Сон не шел. Виктор без интереса листал принесенную Борхесом книгу, думая о своем. Он сидел на кровати, подложив под спину подушку и прикрыв ноги одеялом. Рядом, выделяясь на белой простыне черными ножнами, лежал купленный по случаю охотничий нож.

Видел ли он трупы в Медузе? Нет, не видел. И дело не в том, что мертвых инсайдеров вытаскивали товарищи, а в том, что трупов вообще не было. Ни тел погибших горожан, ни тушек животных. А они должны быть, учитывая масштабы катастрофы. Или их всех тоже вынесли? А смысл?

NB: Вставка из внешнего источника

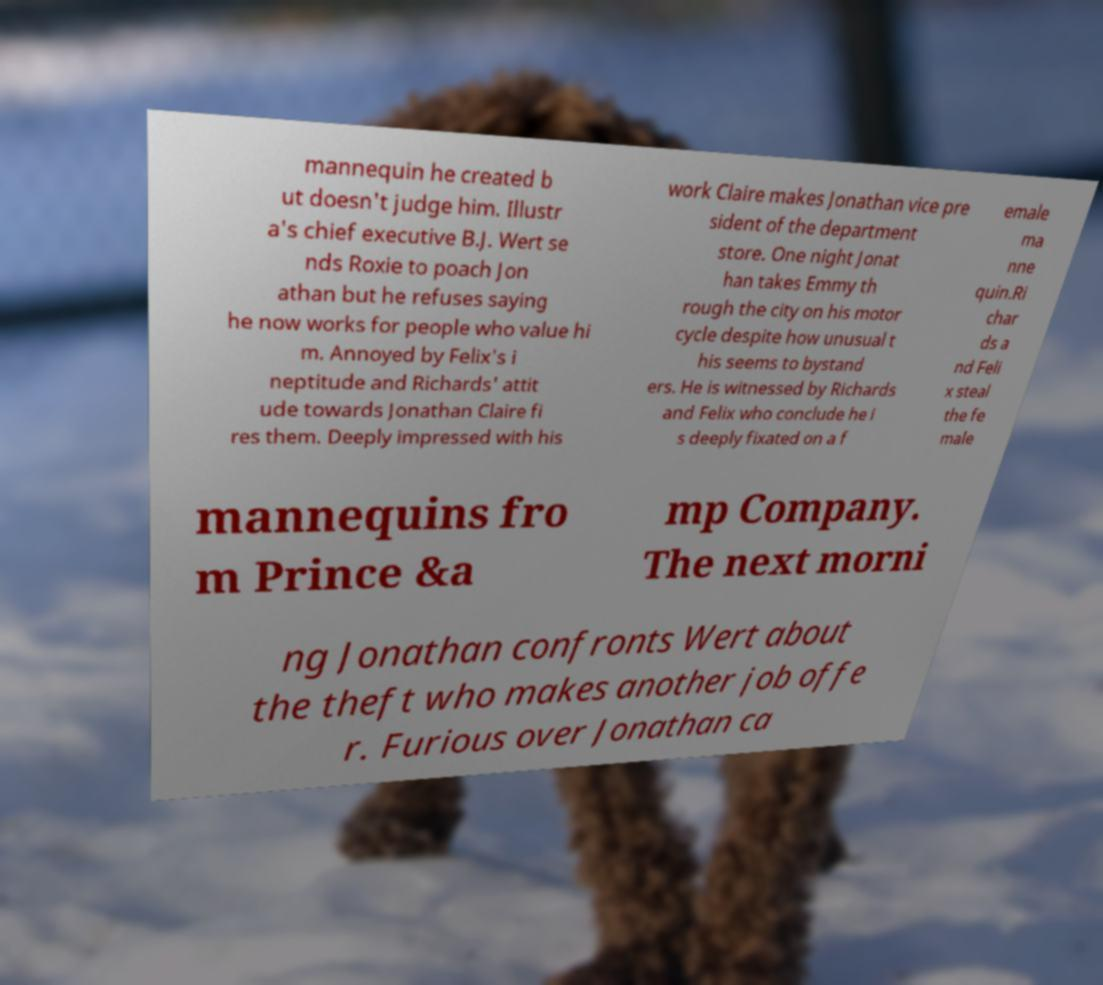For documentation purposes, I need the text within this image transcribed. Could you provide that? mannequin he created b ut doesn't judge him. Illustr a's chief executive B.J. Wert se nds Roxie to poach Jon athan but he refuses saying he now works for people who value hi m. Annoyed by Felix's i neptitude and Richards' attit ude towards Jonathan Claire fi res them. Deeply impressed with his work Claire makes Jonathan vice pre sident of the department store. One night Jonat han takes Emmy th rough the city on his motor cycle despite how unusual t his seems to bystand ers. He is witnessed by Richards and Felix who conclude he i s deeply fixated on a f emale ma nne quin.Ri char ds a nd Feli x steal the fe male mannequins fro m Prince &a mp Company. The next morni ng Jonathan confronts Wert about the theft who makes another job offe r. Furious over Jonathan ca 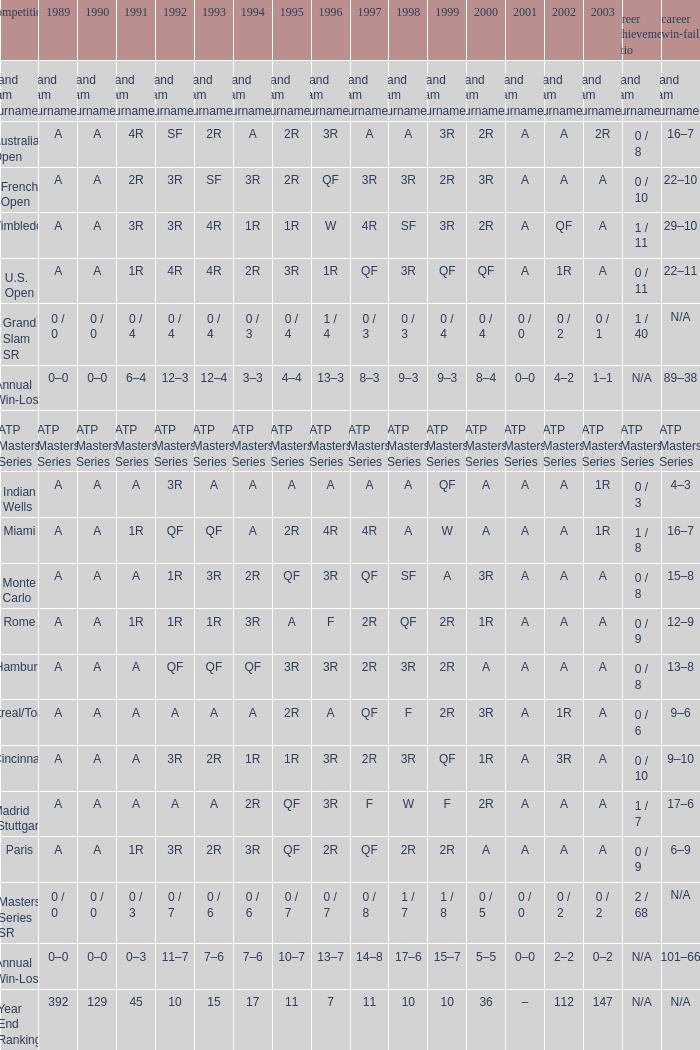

А еще и эта история с падением самолета, которая, может быть, и вовсе вымысел. Сколько еще версий возникновения Медузы и какая из них достоверная?

Кто-то мягко дотронулся до его ноги, словно мехом провел. Сердце ухнуло вниз, на загривке поднялись дыбом волосы. Одним движением, которому позавидовал бы иной гимнаст, Виктор вскочил на кровать, выхватывая из ножен чудом оказавшийся в руках нож.

На полу, у самой кровати, смирно сидел здоровый полосатый кот, спокойно взирая на застывшего у стены человека зелеными глазищами.

Виктор облизнул враз пересохшие губы.

– Ты откуда взялся? – спросил Куликов, опустив нож.

Полосатый пришелец махнул хвостом, развернулся и прыгнул в кресло, где принялся меланхолично вылизываться.

– То есть вот так, да? – Виктор озадаченно сел на кровать, почесал затылок. Кот изогнулся, потягиваясь, и свернулся, укладываясь на куртке Виктора. Эта живая мохнатая шапка на удивление уютно вписывалась в интерьер.

Подавив желание выгнать нахального гостя, Виктор положил нож на место, нарочито громко взбил подушку, на что кот даже ухом не повел, и лег на кровать.

– Ладно, значит, спать будем, – Куликов протянул руку и выключил ночник. И тут же включил его, не спуская глаз с животного.

Но кот никуда не исчез, лишь недовольно приоткрыл глаза и перевернулся на другой бок.

– Спокойной ночи, – буркнул Виктор, выключил свет и, повернувшись носом к стенке, попытался уснуть. Получилось не сразу, мысли в голове медленно приобрели текучесть, становясь эфемерными. Сон свинцовой тяжестью сомкнул веки, раскрывая человеку черную бездну, тень забвения смерти. Мысли растаяли бесследно, и Виктор уснул, не видя сновидений.